Although Gardiner Republicans tended to support the Awosting Reserve proposal, Boylan cites it as one example of a controversy that was manufactured and “totally political. There was no way, shape or form that that proposal would have ever flown under the old code,” due to nonconformities with guidelines for steep slopes, sewage, road access and a variety of other issues. Still, Boylan says, “I’m going to get in trouble for saying this, but there’s a lot more to the Town of Gardiner than the Ridge: the CLI [Commercial/Light Industrial] District, the hamlet et cetera. I think that God — or Mother Nature — has already done a good job of saving the Ridge.”
Like Wiegand, Boylan seems comfortable with the existing Master Plan as a roadmap for planning decisions in Gardiner, but also notes that it is supposed to be reviewed every eight to ten years, “to see if our goals and priorities have changed with the makeup of the community” as Gardiner’s demographics shift over time. “Any Zoning Law is a moving target,” he says in respect of the recent controversies over the 2008 changes in that document, which he feels are often the result of “misunderstanding by applicants of the meaning of ‘use-by-right’…Any nonconformity may require referral to another body, and that takes time…Generally, applicants who stay on task and address issues in a diligent manner have moved through the system without much delay.”

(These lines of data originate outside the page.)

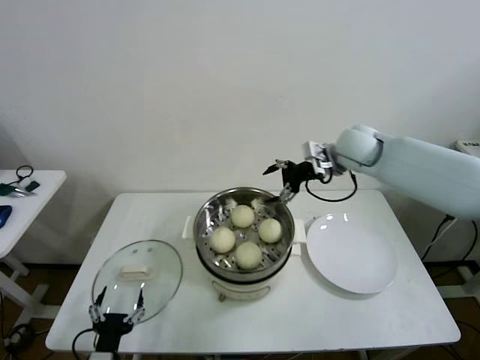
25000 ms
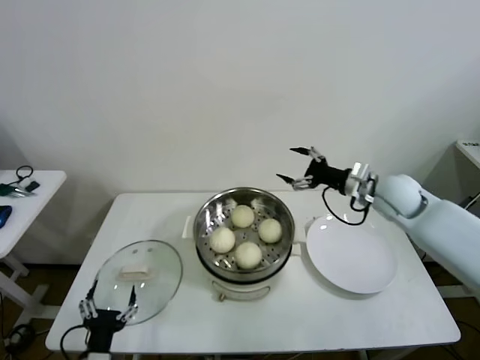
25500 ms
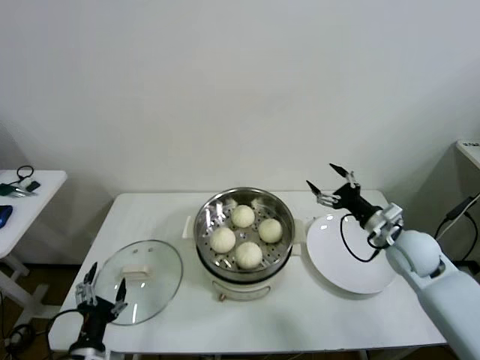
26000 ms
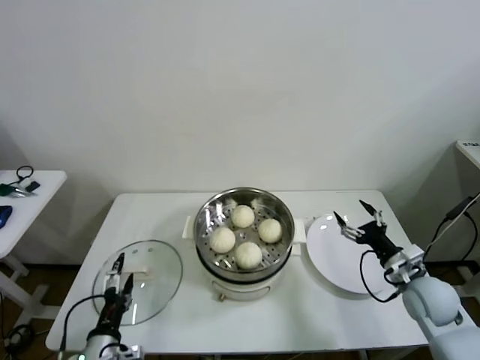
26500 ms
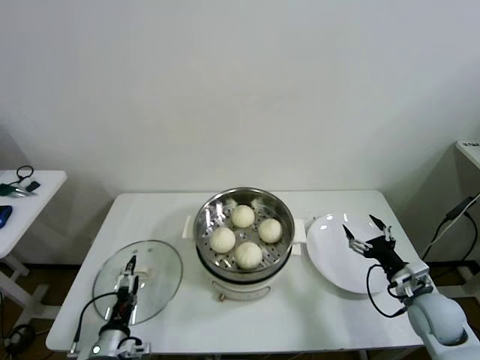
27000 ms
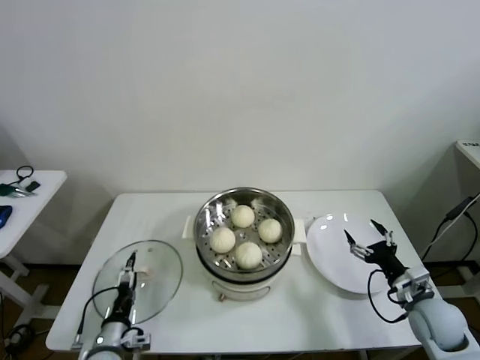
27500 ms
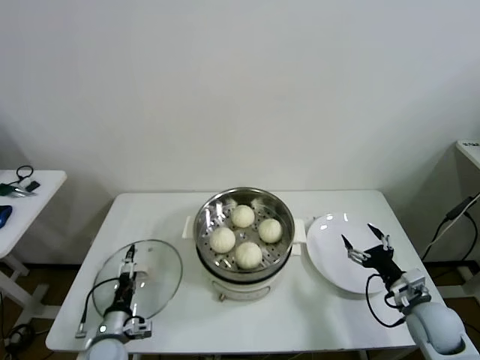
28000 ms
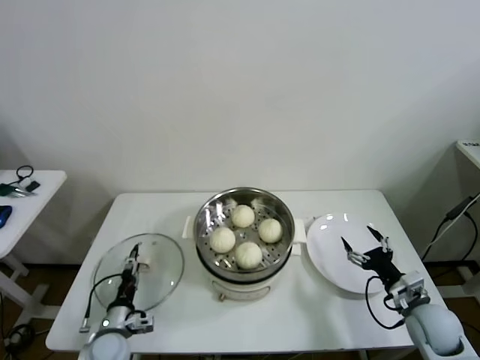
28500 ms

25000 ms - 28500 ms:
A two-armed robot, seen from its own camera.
Task of the whole recording: take steamed baozi put them in steamer then cover it.
25000 ms - 27000 ms: The right gripper goes about 40 cm backward, downward and to the right, while the left gripper is displaced forward by some 5 cm.
27000 ms - 28500 ms: The left gripper shifts roughly 5 cm forward, and closes up.

Boylan is also on the same page with Wiegand on the need for the ZIC to come up with a recommendation for a procedural document that will “give people realistic expectations of timelines and expenditures” on the path to obtaining approval for their development proposals. Whenever someone applies, “There should be an informational meeting including the Building Inspector and the Town’s planning consultant right at the beginning of the process,” he says.
With regard to the cell tower controversy, Boylan recused himself from comment at the present time, since the issue is soon to come before the Town Board on which he hopes to serve. But he does seem somewhat amused by accusations of lack of transparency or public input in recent spending decisions that were outside the Town Board’s purview, such as the purchase of a half-million-dollar fire truck or the $750,000 mortgage on the new Gardiner Library: “I’ll bet that the folks who complained about the library decision not being fully disclosed were probably the same ones who other people complained didn’t tell them about the Fire District meeting.” Both groups, he says, “did it the way they were doing it forever. People who were interested came out. It was the higher dollar value that created the controversy. When expenditures exceed a certain dollar level, maybe there needs to be a review committee to ensure that the Town gets the best bang for the buck.”

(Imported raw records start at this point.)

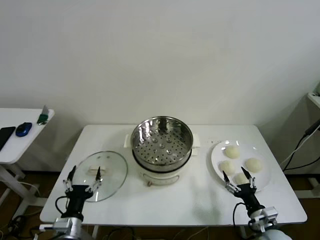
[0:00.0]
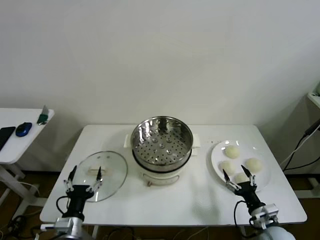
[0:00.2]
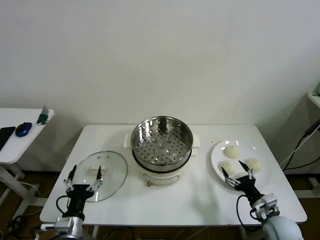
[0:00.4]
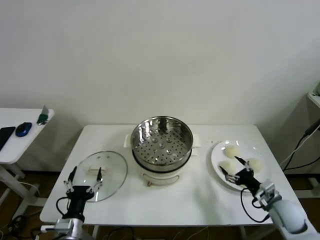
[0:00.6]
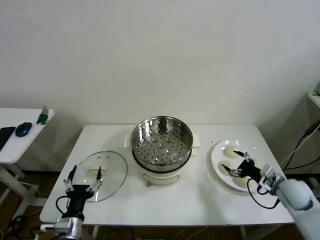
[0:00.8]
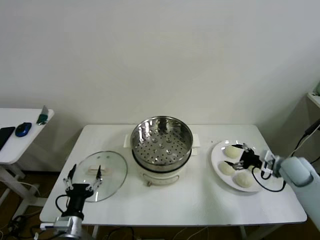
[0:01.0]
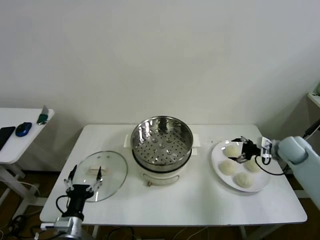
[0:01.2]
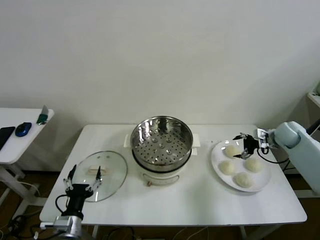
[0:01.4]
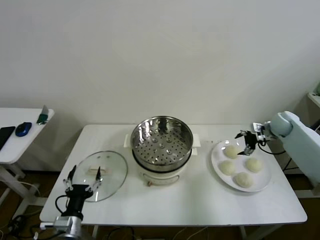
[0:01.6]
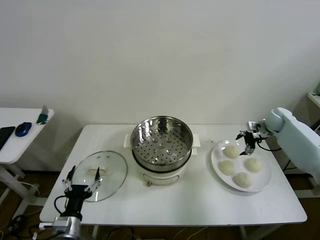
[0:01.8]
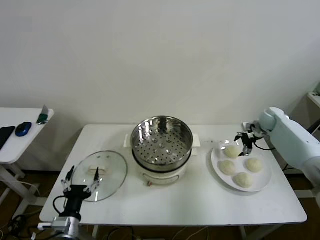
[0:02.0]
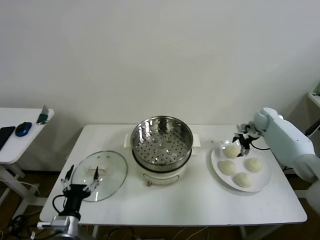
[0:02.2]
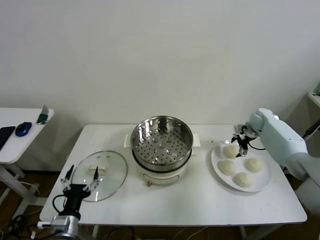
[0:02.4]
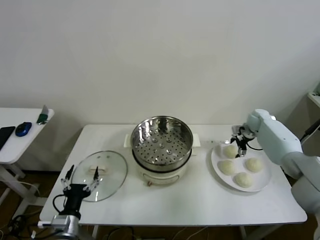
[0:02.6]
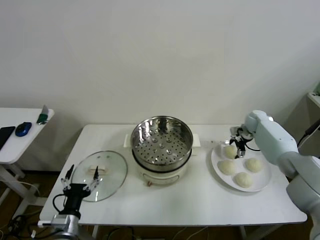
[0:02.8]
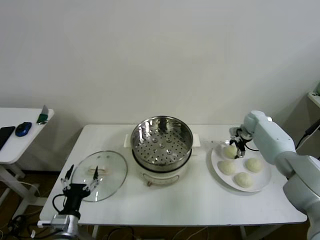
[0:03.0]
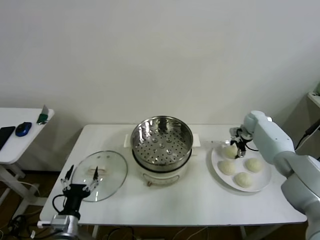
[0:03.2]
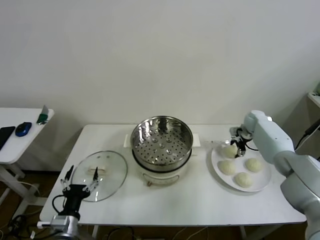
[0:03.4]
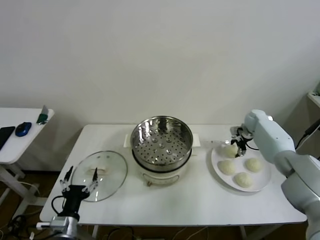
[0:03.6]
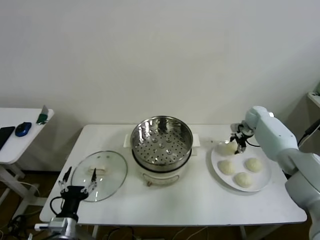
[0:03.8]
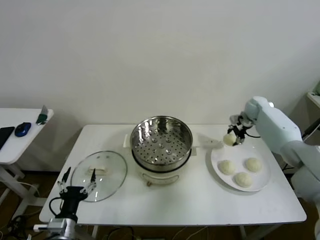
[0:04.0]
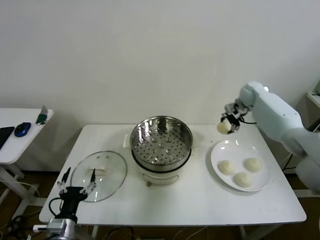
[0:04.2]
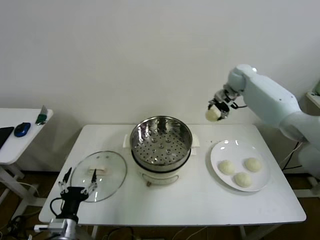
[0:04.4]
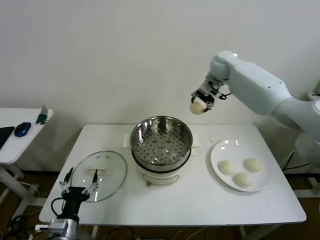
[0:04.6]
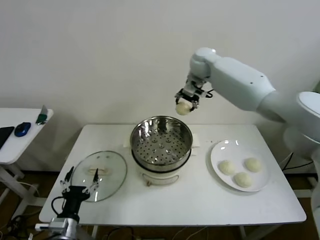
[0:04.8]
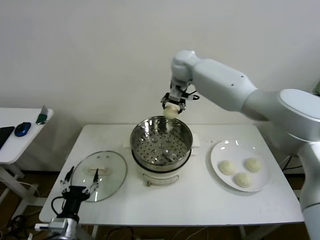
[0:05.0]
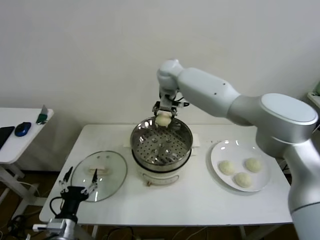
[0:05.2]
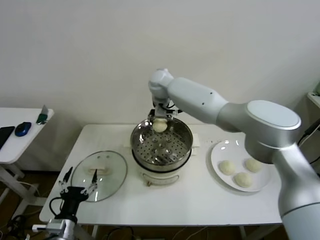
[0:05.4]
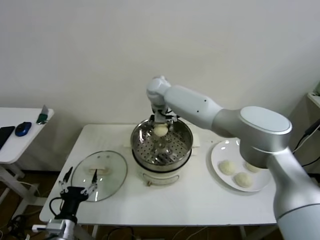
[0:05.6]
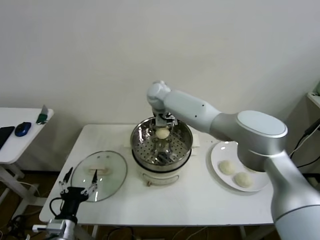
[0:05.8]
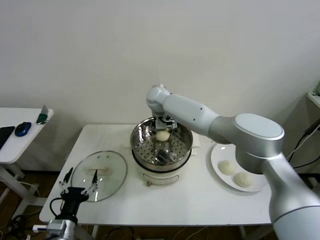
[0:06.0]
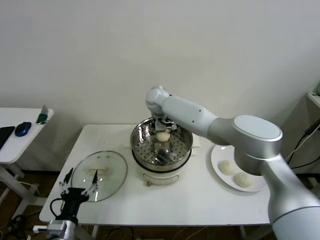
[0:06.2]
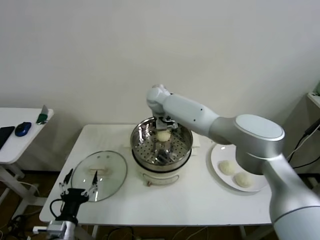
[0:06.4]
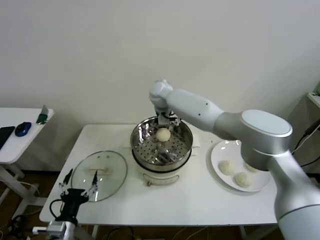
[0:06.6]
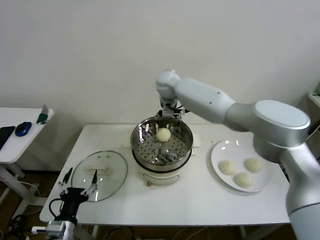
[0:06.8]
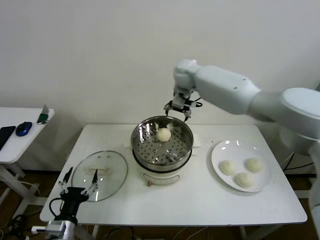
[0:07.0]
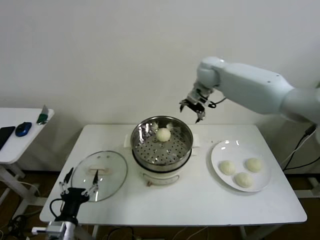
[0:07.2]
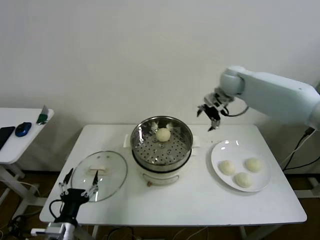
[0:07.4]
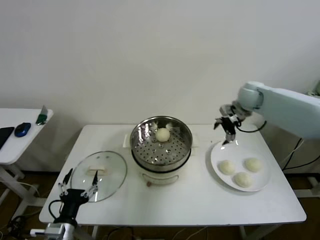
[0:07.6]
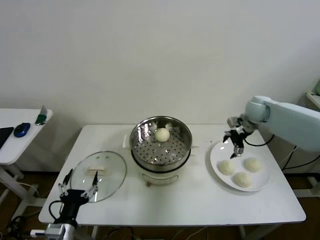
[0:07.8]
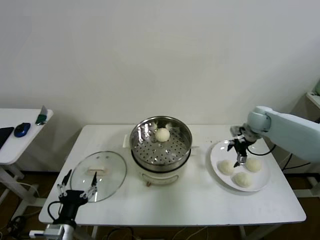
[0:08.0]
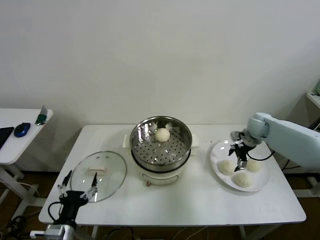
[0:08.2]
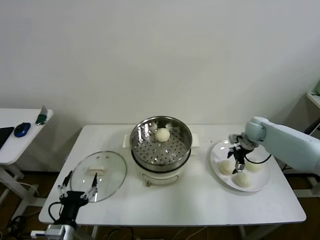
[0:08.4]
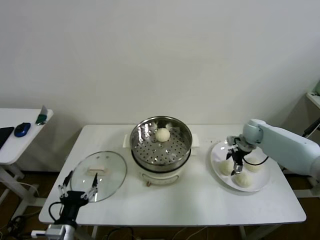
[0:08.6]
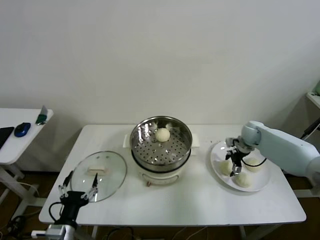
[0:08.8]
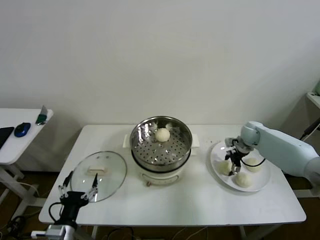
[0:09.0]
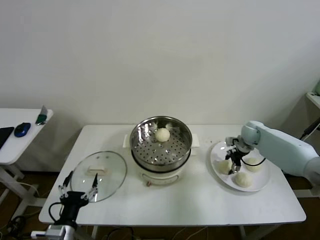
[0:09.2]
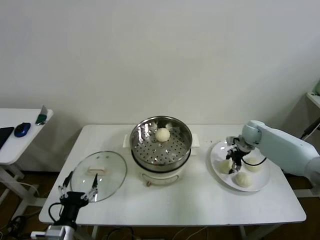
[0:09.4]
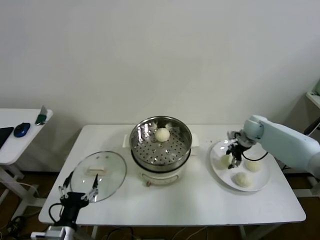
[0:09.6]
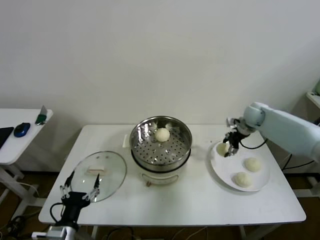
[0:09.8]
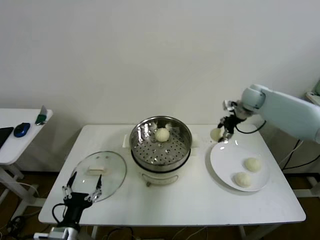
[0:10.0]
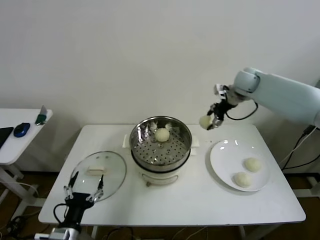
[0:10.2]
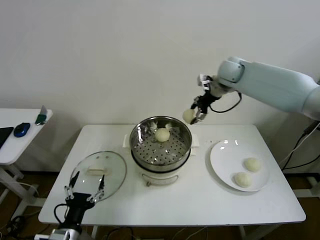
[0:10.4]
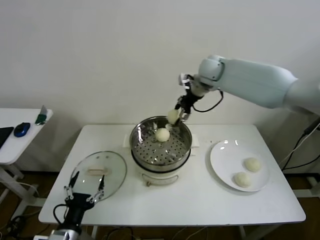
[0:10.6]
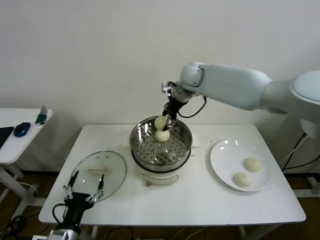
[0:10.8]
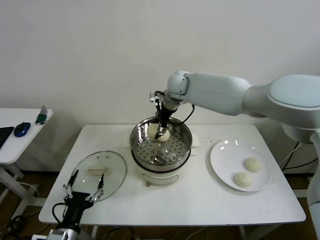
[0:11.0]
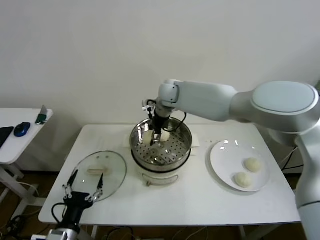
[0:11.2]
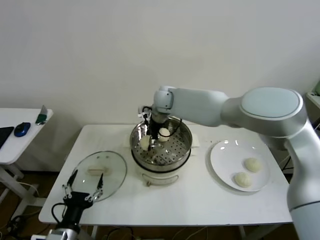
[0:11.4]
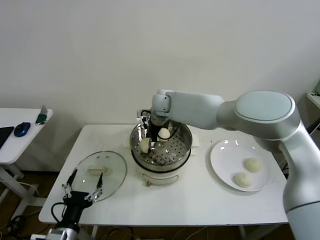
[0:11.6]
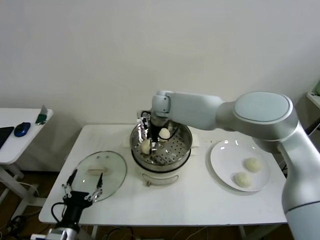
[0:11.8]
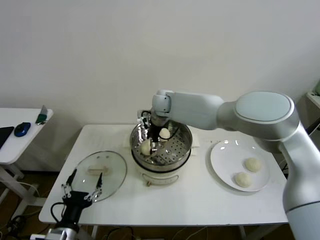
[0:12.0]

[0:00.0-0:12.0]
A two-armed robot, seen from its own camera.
Step, 0:00.0 to 0:03.4: Grasp the baozi in the plate with right gripper.
Step, 0:03.6 to 0:06.0: Place the baozi on the steamer with right gripper.
Step, 0:06.2 to 0:09.0: Grasp the baozi in the plate with right gripper.
Step, 0:09.2 to 0:11.8: Place the baozi on the steamer with right gripper.
0:01.6 to 0:03.0: The right gripper heads forward, to the left and downward, covering about 10 cm.
0:03.0 to 0:04.4: The right gripper heads upward and to the left, covering approximately 25 cm, and closes.
0:04.4 to 0:06.0: The right gripper heads to the left, covering approximately 30 cm.
0:06.0 to 0:07.6: The right gripper is displaced to the right by about 35 cm, and opens its fingers.
0:07.6 to 0:09.0: The right gripper heads downward, covering roughly 15 cm.
0:09.0 to 0:10.4: The right gripper is displaced upward and to the left by roughly 30 cm, and closes its fingers.
0:10.4 to 0:12.0: The right gripper shifts about 25 cm to the left and downward, and opens its fingers.

Like every other candidate interviewed, Boylan emphasizes the need for fiscal responsibility, especially in tough times. “Just like in a household, we need to curb spending…In a small town like Gardiner, a good expenditure is running a smooth machine. We need to be lean and mean.” Unlike the state and federal governments, “We don’t have any ‘non-essential’ employees,” he points out. “We don’t have the capacity to keep taxes down right now, due to the lack of revenue from sales and mortgage taxes. Only four percent of what people pay in ‘local’ taxes is what we actually control; the rest goes to the county.”
Boylan sees hope ahead for less of the conflict and polarization that some people see as characterizing Gardiner politics. “There’s a lot of common ground,” he says. “We’ve all chosen to live in one of the most beautiful towns in Ulster County. Everybody wants the same thing; we’re just not talking about how to get there together…What I want to do is represent all members and parts of the community equally.”